Of course. Kirill. That makes more sense.
“I-is Aunt Emma g-g-gonna d-die?”
“No, of course not. She just needs some rest, that’s all. I’m gonna make sure she’s okay.”
“Where’s Ruslan?”
Probably skulking off somewhere, cursing the day he laid eyes on me.
I force my eyes open, if only to convince the kids that I’m gonna be okay. I’ve already yelled at them unfairly today. I don’t want to burden them with any more trauma than I’ve already given them.

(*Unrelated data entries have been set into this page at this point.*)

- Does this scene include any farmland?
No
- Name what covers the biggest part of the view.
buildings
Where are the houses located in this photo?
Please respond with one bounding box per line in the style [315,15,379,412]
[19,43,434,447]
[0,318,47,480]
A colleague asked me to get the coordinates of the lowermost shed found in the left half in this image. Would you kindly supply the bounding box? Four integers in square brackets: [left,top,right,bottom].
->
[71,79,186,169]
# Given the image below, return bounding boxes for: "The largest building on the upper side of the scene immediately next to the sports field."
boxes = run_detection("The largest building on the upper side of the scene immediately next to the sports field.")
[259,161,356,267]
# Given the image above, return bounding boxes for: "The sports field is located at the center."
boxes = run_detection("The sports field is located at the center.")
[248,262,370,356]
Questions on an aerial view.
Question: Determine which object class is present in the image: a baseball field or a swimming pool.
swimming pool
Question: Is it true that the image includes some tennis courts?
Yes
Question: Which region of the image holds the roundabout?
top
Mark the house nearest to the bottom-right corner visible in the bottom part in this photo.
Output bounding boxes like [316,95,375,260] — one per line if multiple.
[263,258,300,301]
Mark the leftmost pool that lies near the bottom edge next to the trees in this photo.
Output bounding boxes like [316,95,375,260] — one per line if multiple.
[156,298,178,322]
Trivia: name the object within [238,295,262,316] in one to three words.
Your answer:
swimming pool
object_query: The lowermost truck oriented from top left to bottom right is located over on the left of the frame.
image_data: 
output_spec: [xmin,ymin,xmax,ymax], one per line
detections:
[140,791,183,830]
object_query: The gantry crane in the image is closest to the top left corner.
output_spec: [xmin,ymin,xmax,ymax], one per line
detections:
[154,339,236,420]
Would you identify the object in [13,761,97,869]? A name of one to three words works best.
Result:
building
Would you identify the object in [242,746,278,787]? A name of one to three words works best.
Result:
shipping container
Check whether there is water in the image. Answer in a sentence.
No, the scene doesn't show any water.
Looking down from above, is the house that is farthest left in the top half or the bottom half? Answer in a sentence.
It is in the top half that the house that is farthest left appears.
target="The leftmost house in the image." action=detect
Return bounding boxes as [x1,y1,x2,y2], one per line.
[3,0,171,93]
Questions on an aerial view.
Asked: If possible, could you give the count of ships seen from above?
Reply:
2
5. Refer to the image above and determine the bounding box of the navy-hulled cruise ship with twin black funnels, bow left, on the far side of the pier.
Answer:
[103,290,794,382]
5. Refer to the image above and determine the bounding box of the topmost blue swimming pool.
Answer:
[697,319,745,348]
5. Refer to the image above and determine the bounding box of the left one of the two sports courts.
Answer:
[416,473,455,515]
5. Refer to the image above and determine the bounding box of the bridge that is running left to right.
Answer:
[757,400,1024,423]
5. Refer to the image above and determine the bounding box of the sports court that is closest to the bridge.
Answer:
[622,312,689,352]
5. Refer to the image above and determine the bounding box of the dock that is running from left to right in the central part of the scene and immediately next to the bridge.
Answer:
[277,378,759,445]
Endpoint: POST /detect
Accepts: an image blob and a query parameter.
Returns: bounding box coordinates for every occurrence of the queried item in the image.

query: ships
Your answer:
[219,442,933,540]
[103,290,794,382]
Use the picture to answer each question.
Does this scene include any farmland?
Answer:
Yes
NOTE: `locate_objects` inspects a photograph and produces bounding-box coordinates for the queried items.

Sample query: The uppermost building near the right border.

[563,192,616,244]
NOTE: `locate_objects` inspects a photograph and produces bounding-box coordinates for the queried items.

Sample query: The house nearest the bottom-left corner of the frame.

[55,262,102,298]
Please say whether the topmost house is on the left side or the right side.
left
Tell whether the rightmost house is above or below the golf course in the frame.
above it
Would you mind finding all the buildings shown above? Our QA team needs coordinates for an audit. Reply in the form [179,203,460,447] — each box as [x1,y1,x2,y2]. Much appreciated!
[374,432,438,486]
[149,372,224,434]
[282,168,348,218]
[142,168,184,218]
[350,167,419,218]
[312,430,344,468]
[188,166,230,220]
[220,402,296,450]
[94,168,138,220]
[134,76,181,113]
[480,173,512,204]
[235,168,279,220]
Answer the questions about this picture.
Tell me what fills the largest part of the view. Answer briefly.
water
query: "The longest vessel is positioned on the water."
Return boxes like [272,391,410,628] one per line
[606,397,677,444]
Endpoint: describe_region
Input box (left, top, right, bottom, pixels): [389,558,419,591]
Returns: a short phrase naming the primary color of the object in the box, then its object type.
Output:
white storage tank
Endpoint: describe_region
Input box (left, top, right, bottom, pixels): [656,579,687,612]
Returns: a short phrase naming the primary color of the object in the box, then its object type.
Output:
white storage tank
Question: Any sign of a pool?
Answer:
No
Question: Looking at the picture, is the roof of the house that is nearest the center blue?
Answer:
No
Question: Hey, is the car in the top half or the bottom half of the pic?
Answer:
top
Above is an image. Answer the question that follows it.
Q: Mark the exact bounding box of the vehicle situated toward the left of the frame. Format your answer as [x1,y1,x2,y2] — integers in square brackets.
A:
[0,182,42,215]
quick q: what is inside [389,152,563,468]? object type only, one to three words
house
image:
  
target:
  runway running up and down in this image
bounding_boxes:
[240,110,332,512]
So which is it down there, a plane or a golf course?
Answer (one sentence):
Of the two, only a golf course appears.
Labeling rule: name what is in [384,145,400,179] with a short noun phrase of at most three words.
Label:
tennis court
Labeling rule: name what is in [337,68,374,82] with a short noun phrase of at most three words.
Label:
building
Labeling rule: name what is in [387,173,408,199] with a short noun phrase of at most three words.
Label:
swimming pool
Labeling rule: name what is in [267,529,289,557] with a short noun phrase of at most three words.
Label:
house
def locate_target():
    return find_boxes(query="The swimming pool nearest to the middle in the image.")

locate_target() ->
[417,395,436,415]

Honestly, maybe my parents have a point. They might be better off without me.
“Auntie Em!”
“Look, she’s awake!”
I open my eyes to find four hazy faces hanging over mine. The girls look relieved but Josh’s eyebrows are pulled together uncertainly.
“Okay, kidlets, let’s move to the side again. I’m gonna pick her up and take her upstairs.”
I try to groan in protest—You’re better off without me; just leave me here where it’s dark and warm and quiet—but before I’m ready, Kirill scoops me up into his arms. I’m not even doing the moving myself but the vertigo hits all the same. Any hope of arguing goes up in smoke.
I’m vaguely aware of Kirill saying something to the kids. He must be telling them to stay in the kitchen and finish their dinner because, when he takes me upstairs, no one follows us.
By the time he places me down on my bed, I’m mostly in control of my faculties. I can see and hear normally. The pounding in my head has subsided and the ringing in my ears has eased.
Kirill passes me a glass of water. “Here. Drink.”